Now that you have scraped off all the foam, you can take the varying grits of sandpaper and remove the last little bits of foam and glue. Be sure to vacuum the area once the sanding is complete or wipe it down with a tack cloth so that there is no dust particles when you glue the new fabric onto the panel.
Whether or not you are using a brush on or a spray on adhesive it is definitely a good idea to cover the surrounding area so you don't get any overspray or drips on the rest of your door panel. I opted to use the 3M "90" because of the setup time and no temperature requirements. The "90"
acheives the proper tackiness in 1 to 2 min and gives you a 10 min window of worktime. The DAP Weldwood takes 30 to 40 min to set up proper tack, and requires the material and panel to be in at least a 65 degree environment 24 hours before and after application. Being that I live in WA and it is still technically "Winter" that wasn't gonna happen. LOL
Before you put any adhesive on the door or the fabric, try to get the piece of material the approximate size of the panel. I recommend at LEAST a 1/2" overlap. Once you have applied the adhesive (READ THE DIRECTIONS ON THE CONTAINER! Lol) you can then apply the fabric of your choice onto the door panel. Be sure that if you are working with a vinyl that you work out any bubbles. With the material on the panel you can start tucking the material into the grooves. I did have to use a fair amount of pressure because I used a vinyl, but with that being said, make sure that you work from the center out to the corners, and be careful not to actually puncture or tear the material.
With the material now in place, give it a while to set so when you trim the excess you don't end up removing any of the material that is supposed to stay on the door. I admittedly jumped the gun on the first panel and ended up having to redo the process. I gave the panels a good half hour to sit then trimmed the excess off.

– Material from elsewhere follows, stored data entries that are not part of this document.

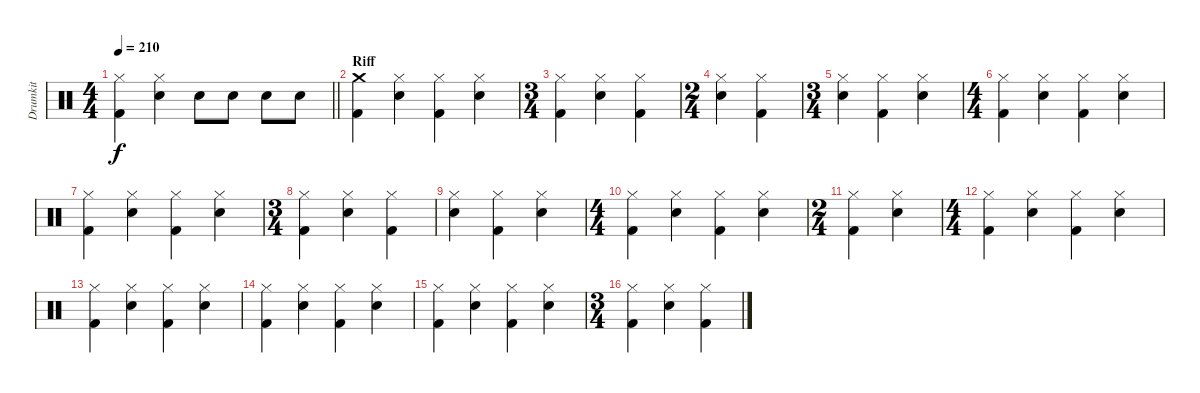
\track ("Drumkit" "Drumkit") {instrument percussion}
\staff {score}
\articulation defaults
\ts (4 4)
\tempo 210
\clef neutral
\barLineRight lightlight
\ks c
("Hi-Hat (closed)" "Kick (hit) 2").4{dy f} ("Hi-Hat (closed)" "Electric Snare (hit)").4 "Electric Snare (hit)".8 "Electric Snare (hit)".8 "Electric Snare (hit)".8 "Electric Snare (hit)".8 |
\section ("" "Riff")
("Crash medium (hit)" "Kick (hit) 2").4 ("Hi-Hat (closed)" "Electric Snare (hit)").4 ("Hi-Hat (closed)" "Kick (hit) 2").4 ("Hi-Hat (closed)" "Electric Snare (hit)").4 |
\ts (3 4)
("Hi-Hat (closed)" "Kick (hit) 2").4 ("Hi-Hat (closed)" "Electric Snare (hit)").4 ("Hi-Hat (closed)" "Kick (hit) 2").4 |
\ts (2 4)
("Hi-Hat (closed)" "Electric Snare (hit)").4 ("Hi-Hat (closed)" "Kick (hit) 2").4 |
\ts (3 4)
("Hi-Hat (closed)" "Electric Snare (hit)").4 ("Hi-Hat (closed)" "Kick (hit) 2").4 ("Hi-Hat (closed)" "Electric Snare (hit)").4 |
\ts (4 4)
("Hi-Hat (closed)" "Kick (hit) 2").4 ("Hi-Hat (closed)" "Electric Snare (hit)").4 ("Hi-Hat (closed)" "Kick (hit) 2").4 ("Hi-Hat (closed)" "Electric Snare (hit)").4 |
("Hi-Hat (closed)" "Kick (hit) 2").4 ("Hi-Hat (closed)" "Electric Snare (hit)").4 ("Hi-Hat (closed)" "Kick (hit) 2").4 ("Hi-Hat (closed)" "Electric Snare (hit)").4 |
\ts (3 4)
("Hi-Hat (closed)" "Kick (hit) 2").4 ("Hi-Hat (closed)" "Electric Snare (hit)").4 ("Hi-Hat (closed)" "Kick (hit) 2").4 |
("Hi-Hat (closed)" "Electric Snare (hit)").4 ("Hi-Hat (closed)" "Kick (hit) 2").4 ("Hi-Hat (closed)" "Electric Snare (hit)").4 |
\ts (4 4)
("Hi-Hat (closed)" "Kick (hit) 2").4 ("Hi-Hat (closed)" "Electric Snare (hit)").4 ("Hi-Hat (closed)" "Kick (hit) 2").4 ("Hi-Hat (closed)" "Electric Snare (hit)").4 |
\ts (2 4)
("Hi-Hat (closed)" "Kick (hit) 2").4 ("Hi-Hat (closed)" "Electric Snare (hit)").4 |
\ts (4 4)
("Hi-Hat (closed)" "Kick (hit) 2").4 ("Hi-Hat (closed)" "Electric Snare (hit)").4 ("Hi-Hat (closed)" "Kick (hit) 2").4 ("Hi-Hat (closed)" "Electric Snare (hit)").4 |
("Hi-Hat (closed)" "Kick (hit) 2").4 ("Hi-Hat (closed)" "Electric Snare (hit)").4 ("Hi-Hat (closed)" "Kick (hit) 2").4 ("Hi-Hat (closed)" "Electric Snare (hit)").4 |
("Hi-Hat (closed)" "Kick (hit) 2").4 ("Hi-Hat (closed)" "Electric Snare (hit)").4 ("Hi-Hat (closed)" "Kick (hit) 2").4 ("Hi-Hat (closed)" "Electric Snare (hit)").4 |
("Hi-Hat (closed)" "Kick (hit) 2").4 ("Hi-Hat (closed)" "Electric Snare (hit)").4 ("Hi-Hat (closed)" "Kick (hit) 2").4 ("Hi-Hat (closed)" "Electric Snare (hit)").4 |
\ts (3 4)
("Hi-Hat (closed)" "Kick (hit) 2").4 ("Hi-Hat (closed)" "Electric Snare (hit)").4 ("Hi-Hat (closed)" "Kick (hit) 2").4

And Tadah! Fabric applied. One thing you will notice is that with the foam removed, the gap around the edges becomes a lot more visible. I wanted to do something to fill that gap, just to clean it up and not leave the trimmed material visible (believe me, with a bright colored material it is extremely pronounced.)
Now some might think this is a bit tacky, but I thought it was brilliant. In trying to find a means to fill that gap, I wanted something that would be resistant to oils, heat, dirt, etc. etc. It just so happens that a perfect material is that rubber piping that is used to hold screens in windows. I got a 25' foot long piece of .0125" black piping for $5. The tool used to roll that piping in was another $5 but well worth it. With the gap now filled, you have that nice clean edge, no visible trim.
I hope that this helped anyone who wants to tackle this job. It is a lot of fun, and a lot of work. But the results if you do it right are amazing. My total costs for this including the vinyl was no more than $50 and a day off.
#20
Damn Dude, that posts rocks. Thanks for taking the time to instruct us. I like pictures. Mine is up on the chopping block next when I get my leather kit. They are finally selling 2011 leather complete interior kits on ebay. I found a "Katskinz" one for $699 and thinking of going for it.